In the public relations racket, they’re called “news pegs” — current events that can be used to promote your research. As editor of Regulation, I sometimes get the complaint that my publication is “interesting, but it doesn’t have a lot of news pegs.”


So how about this — two Regulation news pegs in one day!


Peg 1: Should we tax nonprofit hospitals?


Decades ago, Congress awarded tax-exempt status to private nonprofit hospitals in return for the hospitals agreeing to treat indigent patients who would otherwise rely on taxpayer-provided healthcare services. But this “grand bargain” is now under Capitol Hill scrutiny following the discovery that for-profit, non–tax exempt hospitals provide roughly the same amount of free medical care to the poor. Today’s NPR program Marketplace discusses the congressional hearings.


All of this should come as no surprise to readers of Regulation. In the summer issue, Guy David of Penn and Lorens Helmchen of Illinois-Chicago lay out this very problem and ask (pdf), why is the government giving one type of tax treatment to some hospitals and another type to others?


Peg 2: Soft Paternalism


For several years I’ve believed that one of the most important intellectual challenges to libertarian ideas is behavioral economics — the empirical field of study that suggests people often do not act rationally and thus markets do not maximize public welfare.


The current issue of the New Yorker contains an article by John Cassidy on behavioral and neuroeconomics that confirms my view. In the article, Cassidy writes that “most economists agree that, left alone, people will act in their own best interest, and that the market will coordinate their actions to produce outcomes beneficial to all. Neuroeconomics potentially challenges both parts of this argument.”
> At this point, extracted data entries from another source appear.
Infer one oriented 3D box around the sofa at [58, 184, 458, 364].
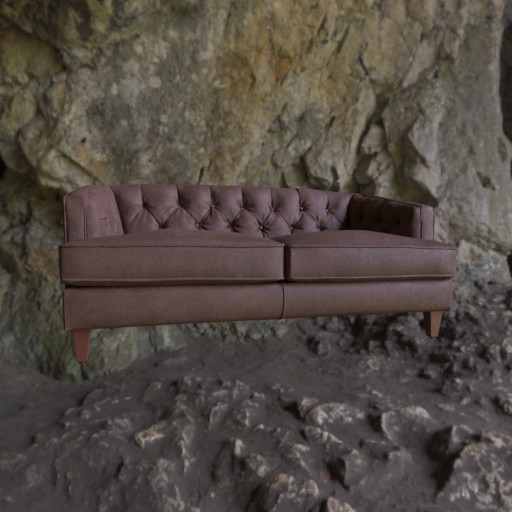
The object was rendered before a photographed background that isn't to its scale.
[{"bbox_3d":[0.000,0.000,2.257,1.767,0.799,0.917,0,2,-16],"label":"sofa"}]
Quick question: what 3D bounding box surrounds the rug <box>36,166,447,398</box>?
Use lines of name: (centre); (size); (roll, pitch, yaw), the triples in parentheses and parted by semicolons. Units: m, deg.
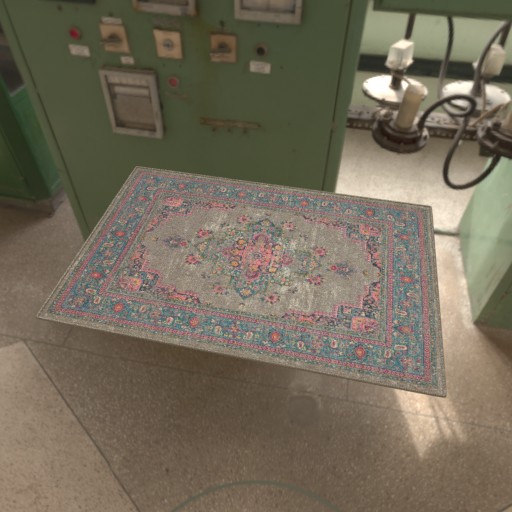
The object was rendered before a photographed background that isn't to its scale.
rug: (0.000, 0.000, 2.204); (1.748, 0.014, 1.144); (9, 48, 8)
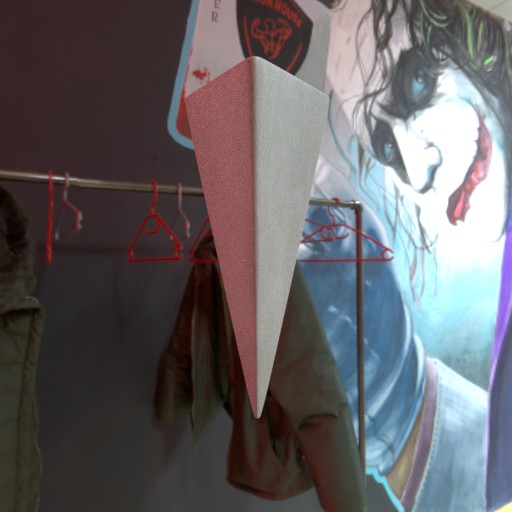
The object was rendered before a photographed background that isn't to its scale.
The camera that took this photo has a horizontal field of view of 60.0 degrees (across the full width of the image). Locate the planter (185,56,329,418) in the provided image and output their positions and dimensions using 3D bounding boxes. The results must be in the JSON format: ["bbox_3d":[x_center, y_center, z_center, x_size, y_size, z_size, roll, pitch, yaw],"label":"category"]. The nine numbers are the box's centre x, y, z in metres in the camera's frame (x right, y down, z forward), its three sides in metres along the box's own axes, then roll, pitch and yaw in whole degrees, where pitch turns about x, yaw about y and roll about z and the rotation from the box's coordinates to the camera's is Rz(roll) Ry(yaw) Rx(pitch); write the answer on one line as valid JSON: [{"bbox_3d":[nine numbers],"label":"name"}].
[{"bbox_3d":[0.000,0.000,0.158,0.058,0.130,0.047,0,-1,1],"label":"planter"}]
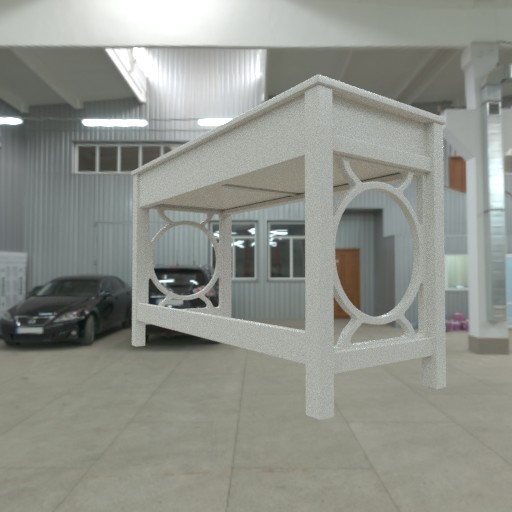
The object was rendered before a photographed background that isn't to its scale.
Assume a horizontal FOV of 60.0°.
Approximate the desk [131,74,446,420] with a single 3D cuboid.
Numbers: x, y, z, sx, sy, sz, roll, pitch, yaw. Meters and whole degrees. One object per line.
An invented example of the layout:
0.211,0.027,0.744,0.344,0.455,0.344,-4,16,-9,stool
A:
0.000,0.000,1.593,0.504,0.762,1.191,1,-2,-35,desk
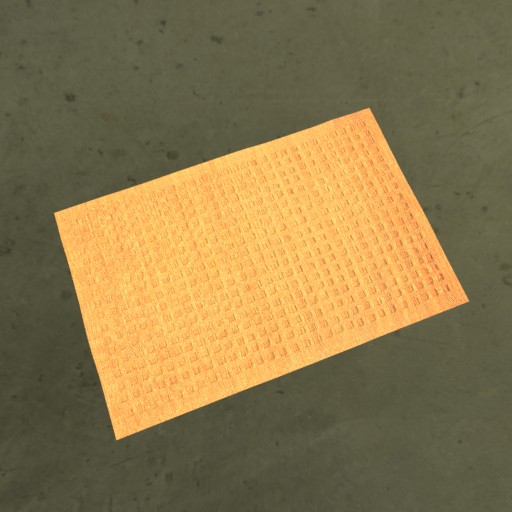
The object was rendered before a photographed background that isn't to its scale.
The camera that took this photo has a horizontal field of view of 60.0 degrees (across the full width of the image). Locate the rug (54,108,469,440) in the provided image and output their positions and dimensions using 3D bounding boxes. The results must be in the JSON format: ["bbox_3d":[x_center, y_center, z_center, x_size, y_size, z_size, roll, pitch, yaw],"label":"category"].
[{"bbox_3d":[0.000,0.000,2.176,1.747,0.006,1.143,-20,75,-6],"label":"rug"}]
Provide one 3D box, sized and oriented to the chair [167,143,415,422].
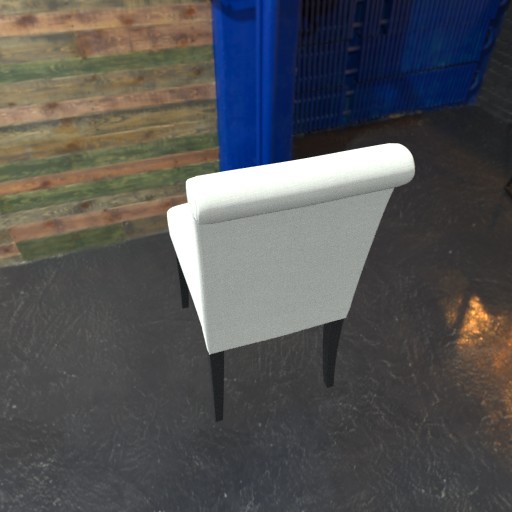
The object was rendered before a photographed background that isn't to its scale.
[{"bbox_3d":[0.000,0.000,1.374,0.452,0.976,0.708,-12,43,-14],"label":"chair"}]
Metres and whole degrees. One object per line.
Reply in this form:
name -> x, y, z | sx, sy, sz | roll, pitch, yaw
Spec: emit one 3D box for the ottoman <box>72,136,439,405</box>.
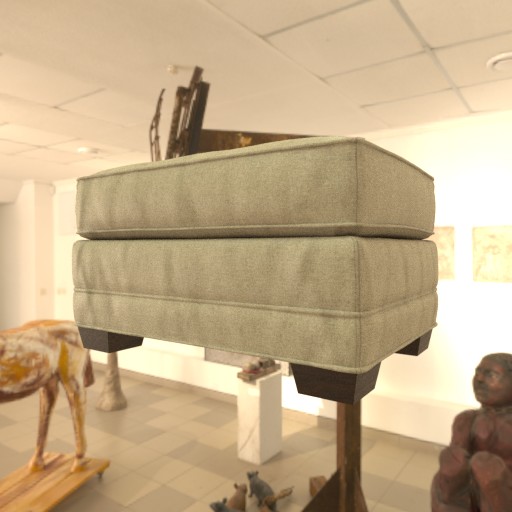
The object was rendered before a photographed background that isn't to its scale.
ottoman -> 0.000, 0.000, 1.216 | 0.848, 0.508, 0.611 | 1, 1, 34
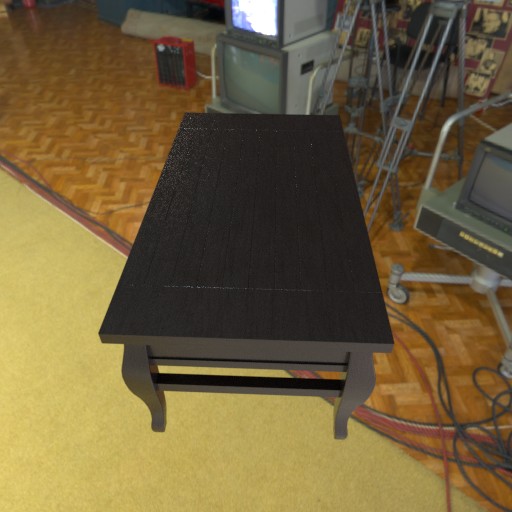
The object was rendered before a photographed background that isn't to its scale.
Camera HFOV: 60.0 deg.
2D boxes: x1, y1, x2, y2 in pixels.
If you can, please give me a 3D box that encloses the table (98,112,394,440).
[{"bbox_3d":[0.000,0.000,1.431,0.600,0.494,1.062,2,41,2],"label":"table"}]
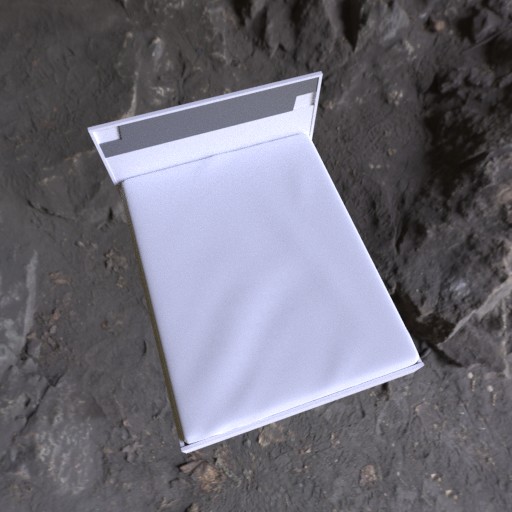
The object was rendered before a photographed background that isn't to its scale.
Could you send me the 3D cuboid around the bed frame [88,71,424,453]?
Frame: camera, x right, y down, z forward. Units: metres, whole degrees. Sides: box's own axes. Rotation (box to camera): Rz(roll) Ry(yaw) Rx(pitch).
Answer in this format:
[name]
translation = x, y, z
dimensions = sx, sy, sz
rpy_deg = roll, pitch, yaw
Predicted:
[bed frame]
translation = 0.000, 0.000, 3.135
dimensions = 1.711, 1.001, 2.100
rpy_deg = -17, 65, -8
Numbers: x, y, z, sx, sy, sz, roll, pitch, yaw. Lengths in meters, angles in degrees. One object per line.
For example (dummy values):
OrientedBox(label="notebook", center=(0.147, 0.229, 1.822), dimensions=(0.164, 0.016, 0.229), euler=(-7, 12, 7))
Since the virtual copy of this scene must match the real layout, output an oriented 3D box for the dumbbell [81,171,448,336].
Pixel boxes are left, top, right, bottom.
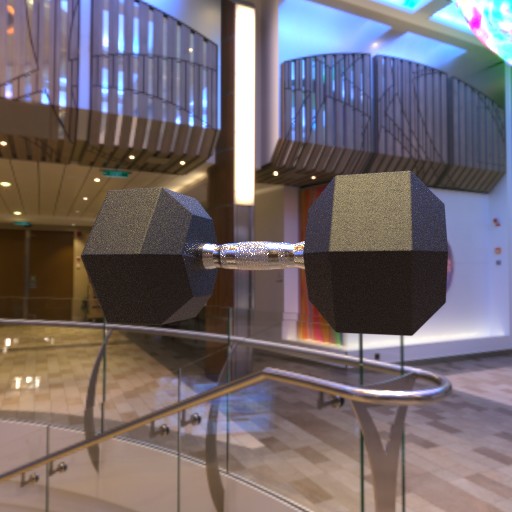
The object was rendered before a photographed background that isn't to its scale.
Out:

The regulatory prescriptions that follow from this research are often described as “soft” or “libertarian” paternalism. The basic notion is that government should require certain behaviors as a default rule (for example the purchase of health insurance or particpation in 401k saving plans) but allow people to opt out if they prefer.


But government actors appear to be no more rational than economic actors — and it is quite possible that soft paternalism could be more detrimental to public welfare than the private choices studied by behavioral economics. Harvard economics professor Ed Glaeser states this case (pdf) in the summer issue of Regulation.